La interrupción del servicio aéreo en el Aeropuerto de Heathrow, uno de los centros de conexión global más importantes, ha provocado una onda expansiva de cancelaciones y retrasos a nivel mundial. Este incidente, originado por un incendio de gran magnitud en una subestación eléctrica cercana, subraya la vulnerabilidad de las infraestructuras críticas y su impacto directo en la economía global, afectando desde pasajeros individuales hasta complejas cadenas de suministro.
Según la investigación publicada por The New York Times, el incidente ha puesto de manifiesto la fragilidad de la infraestructura del aeropuerto y las medidas de seguridad con las que cuenta para solventar una emergencia de esta magnitud.
La magnitud del incendio, que interrumpió el suministro eléctrico al aeropuerto, ha desencadenado la cancelación de cientos de vuelos y la desviación de otros tantos hacia destinos alternativos, desde Glasgow hasta Madrid e incluso Happy Valley-Goose Bay, en Canadá. Las aerolíneas se enfrentan ahora al desafío de reubicar a miles de pasajeros y reorganizar sus operaciones, un proceso que podría extenderse durante varios días. Este caos se produce en un momento álgido para el transporte aéreo, con un aumento de la demanda tras la pandemia y la proximidad de las vacaciones de Semana Santa.
Las autoridades del aeropuerto de Heathrow han expresado su pesar por las molestias ocasionadas y han asegurado estar trabajando diligentemente para restablecer la normalidad. Thomas Woldbye, director ejecutivo de Heathrow, ha señalado que se espera que el aeropuerto opere al 100% de su capacidad el sábado, aunque las repercusiones de la interrupción podrían seguir sintiéndose durante el fin de semana. La prioridad inicial es la repatriación de los pasajeros afectados y la reubicación de aeronaves.
La investigación sobre las causas del incendio está siendo liderada por especialistas en contraterrorismo de la Policía Metropolitana de Londres, lo que refleja la seriedad con la que se está abordando el incidente y la necesidad de descartar cualquier posible acto de sabotaje. Mientras tanto, se han levantado temporalmente las restricciones a los vuelos nocturnos para facilitar la recuperación de las operaciones en Heathrow, permitiendo un mayor número de despegues y aterrizajes durante la noche.

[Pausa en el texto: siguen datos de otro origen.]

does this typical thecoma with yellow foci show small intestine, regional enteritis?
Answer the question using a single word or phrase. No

Expertos en la industria advierten que las interrupciones en Heathrow podrían tener un impacto significativo en el transporte de mercancías, generando retrasos y problemas logísticos para las empresas que dependen del aeropuerto como punto de conexión. Se estima que bienes por valor de casi 200 millones de libras esterlinas transitaron por Heathrow en 2023, lo que representa una parte importante del comercio británico.

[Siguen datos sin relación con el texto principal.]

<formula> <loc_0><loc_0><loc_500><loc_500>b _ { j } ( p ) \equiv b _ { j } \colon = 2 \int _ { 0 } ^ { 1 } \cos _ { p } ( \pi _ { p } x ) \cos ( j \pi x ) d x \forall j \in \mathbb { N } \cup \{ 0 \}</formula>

El incidente ha suscitado interrogantes sobre la resiliencia de la infraestructura aeroportuaria británica y la dependencia de una única subestación eléctrica. John McDonnell, parlamentario que representa la zona donde se produjo el incendio, ha instado a una investigación exhaustiva para determinar por qué los sistemas de respaldo no funcionaron y cómo se puede mejorar la seguridad de las infraestructuras críticas. Este evento recuerda la erupción volcánica de 2010 en Islandia, que provocó el cierre del espacio aéreo europeo y generó pérdidas millonarias para las aerolíneas.